The complete Chomsky hierarchy consists of the following sets of languages, described by the appropriate grammar, and accepted by the machine:
- The regular languages, which are described by left- or right-linear grammars and can be recognized by a finite automaton. Noam Chomsky called these Type 3 grammars, and were part of his original hierarchy.
- The deterministic context-free languages, which are described by a subset of the context-free grammars and can be accepted by a deterministic pushdown automaton. This was not a part of Chomsky's original hierarchy, but comes up in compiler design (languages in this class are used by tools such as Yacc to generate parsers) and language theory often enough to be very important.
- The context-free languages, which are described by context-free grammars and can be accepted by a (nondeterministic) pushdown automaton. Noam Chomsky called these Type 2 grammars.
- The context-sensitive languages, which are described by context-sensitive grammars and can be accepted by a linear bounded automaton. Noam Chomsky called these Type 1 grammars.
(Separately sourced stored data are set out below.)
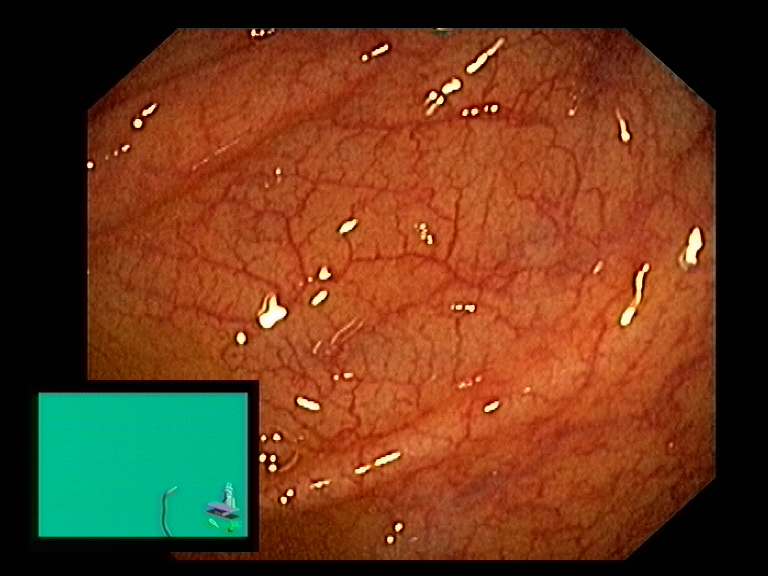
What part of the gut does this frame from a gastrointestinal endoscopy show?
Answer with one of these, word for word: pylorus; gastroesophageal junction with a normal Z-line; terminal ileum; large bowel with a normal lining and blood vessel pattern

large bowel with a normal lining and blood vessel pattern
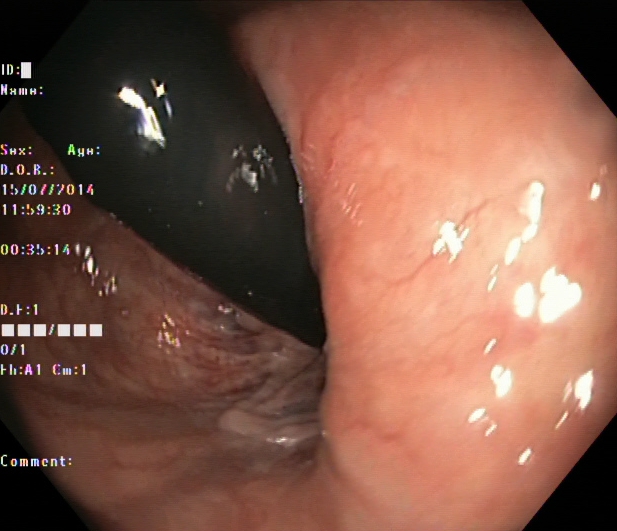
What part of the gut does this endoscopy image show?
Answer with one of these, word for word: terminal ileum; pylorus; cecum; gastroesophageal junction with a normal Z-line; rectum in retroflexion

rectum in retroflexion
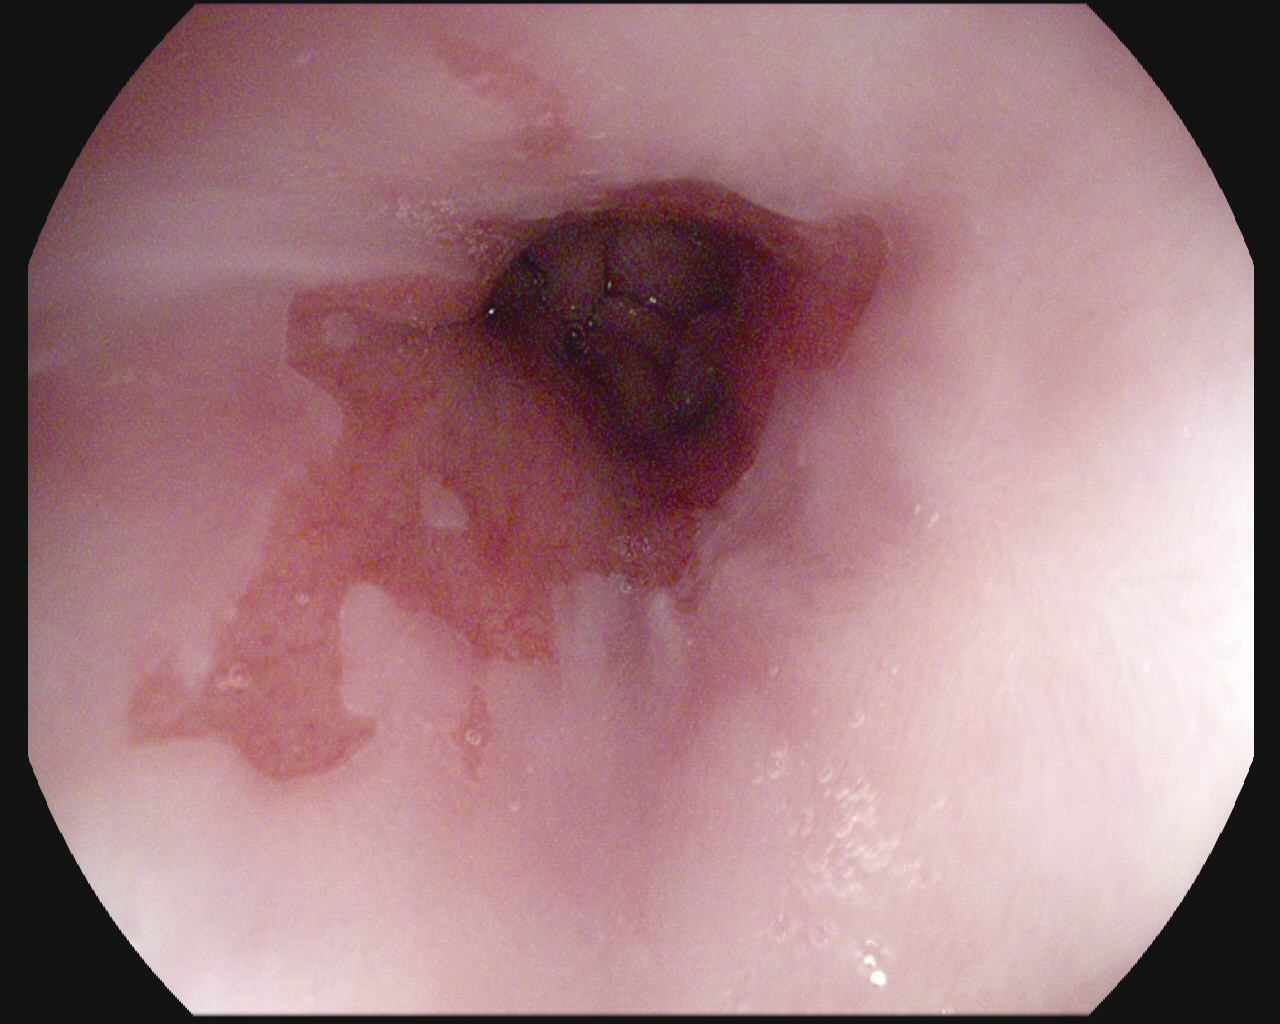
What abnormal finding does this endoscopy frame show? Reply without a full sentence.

Barrett's esophagus
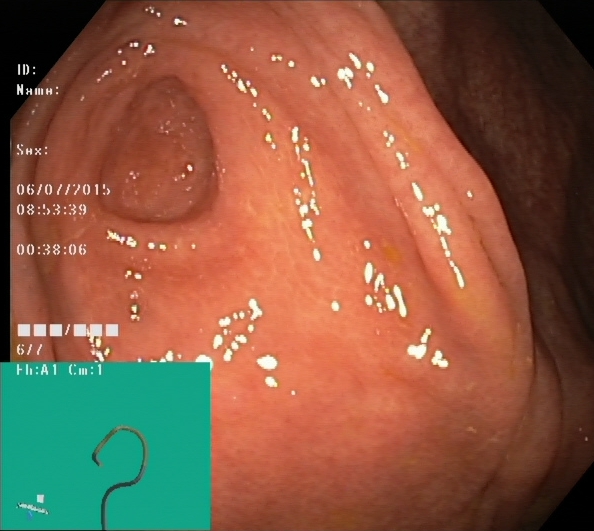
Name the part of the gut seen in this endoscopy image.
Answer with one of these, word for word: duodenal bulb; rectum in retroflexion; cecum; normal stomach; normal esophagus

cecum
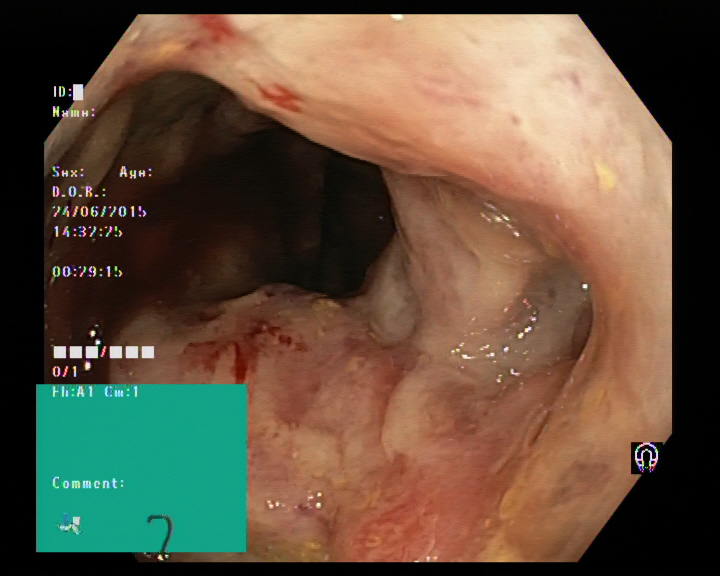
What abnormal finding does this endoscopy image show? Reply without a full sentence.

colorectal cancer
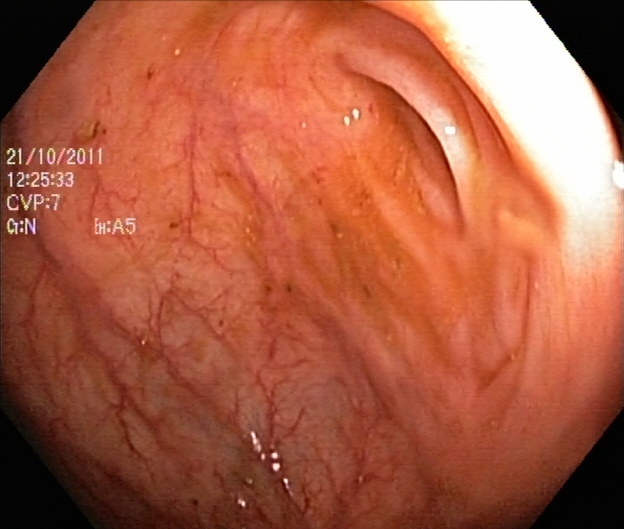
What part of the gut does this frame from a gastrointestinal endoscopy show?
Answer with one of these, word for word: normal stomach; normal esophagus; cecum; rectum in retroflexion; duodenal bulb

cecum

- The recursive languages, which can be recognized by Turing machines that halt eventually on all inputs. This is not a part of the original hierachy, and it is in general technically impossible to tell them apart from the recursively enumerable languages (this would amount to solving David Hilbert's famous Entscheidungsproblem, see the description number wu for a proof as to why).
- The partial recursive languages or recursively enumerable languages, which can be enumerated by arbitrary Turing machines, and described by semi-Thue grammars, that are also known as type 0 (Chomsky's original name for them), unrestricted, or phrase-structure grammars.
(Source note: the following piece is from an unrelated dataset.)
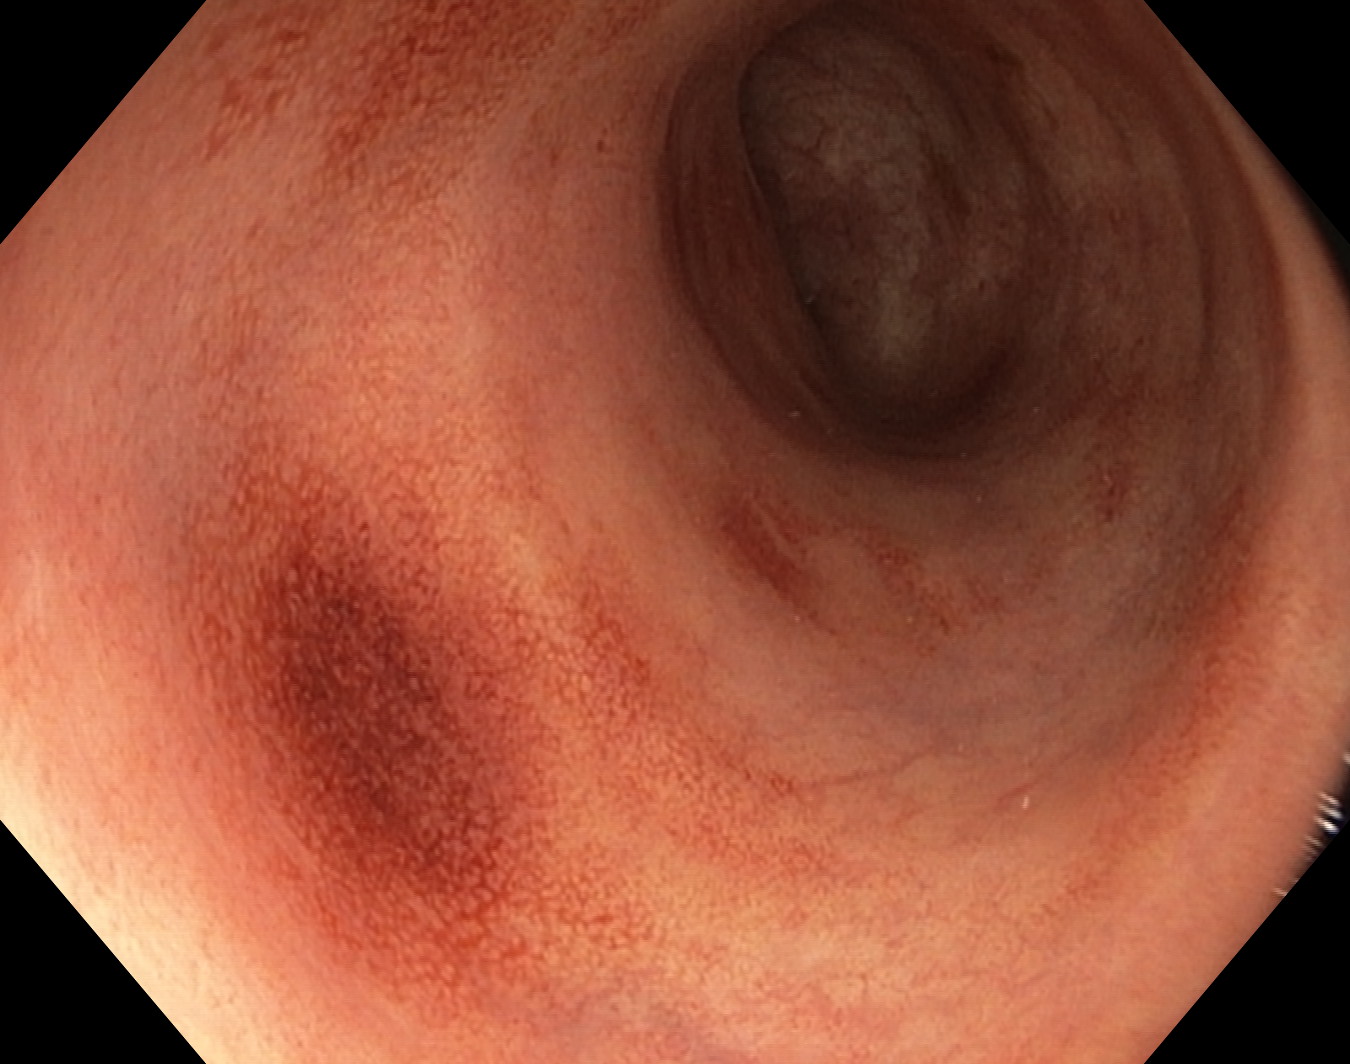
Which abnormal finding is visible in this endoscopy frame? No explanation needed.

erythema

Every formal language in the list is a proper subset of all the languages that come after it in the list, every grammar can express constructions of any of the grammars before it, and every machine in the list can be simulated by the machines that come after it. Turing machines can be constructed, of course, that are capable of simulating any arbitrary Turing machine as well (universal Turing machines).
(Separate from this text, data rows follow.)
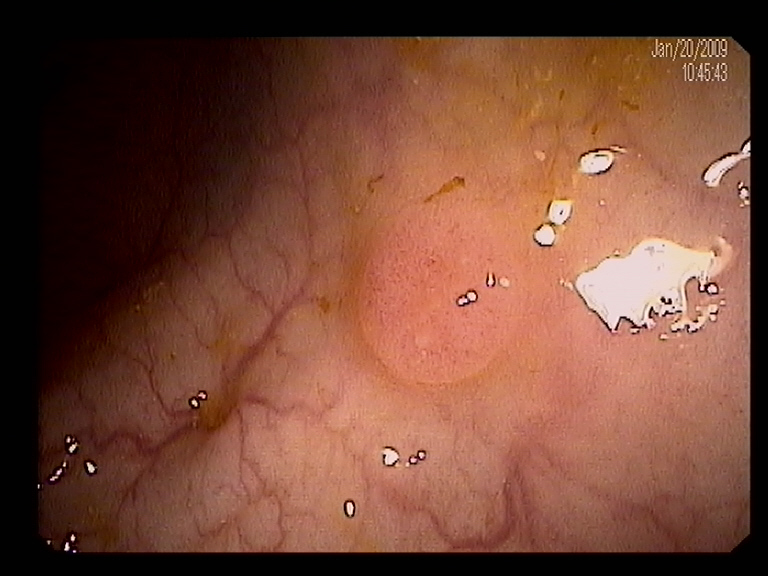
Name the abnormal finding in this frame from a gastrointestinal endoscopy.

colon polyp
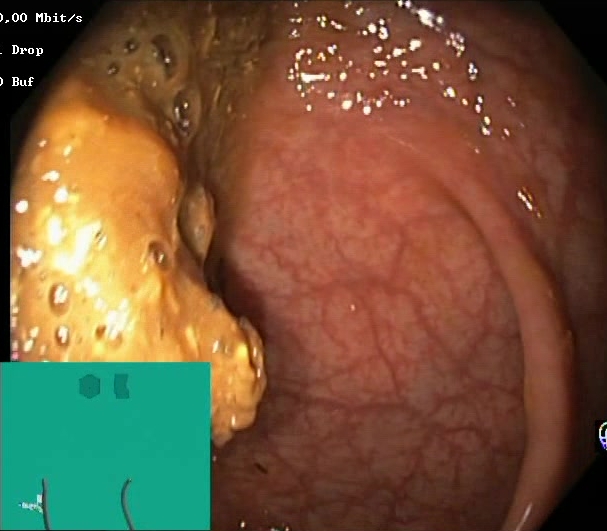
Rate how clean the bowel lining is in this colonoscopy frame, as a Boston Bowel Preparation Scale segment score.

Boston Bowel Preparation Scale score 0–1 (inadequate preparation)
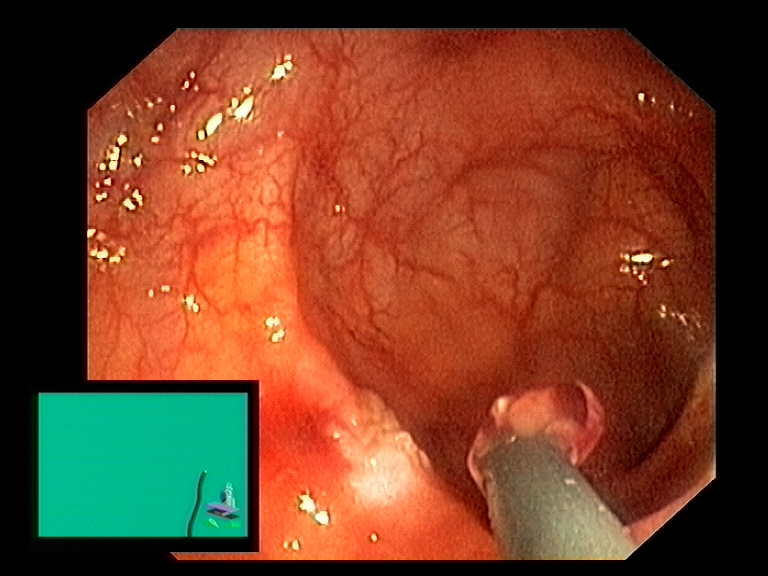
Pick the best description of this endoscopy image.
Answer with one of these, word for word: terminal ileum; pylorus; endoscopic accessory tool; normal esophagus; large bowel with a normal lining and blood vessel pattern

endoscopic accessory tool

Natural languages are in general not context-free, but linguists have found that while the context-sensitive languages seem to be a large enough class to describe natural languages, they also seem to contain a much bigger class of formal languages than that. Even worse, CSL's can take up to exponential time to simulate on ordinary computers (this is true even on a hypothetical computer endowed with nondeterminism), making them totally unworkable for practical use. Ongoing research on computational linguistics has thus focused on formulating other classes of languages that are "mildly" context-sensitive and can be simulated in polynomial time, such as the tree adjoining grammars, coupled context-free languages, and linear context-free rewriting systems. The languages described by these formalisms properly lie between the context-free and context-sensitive languages.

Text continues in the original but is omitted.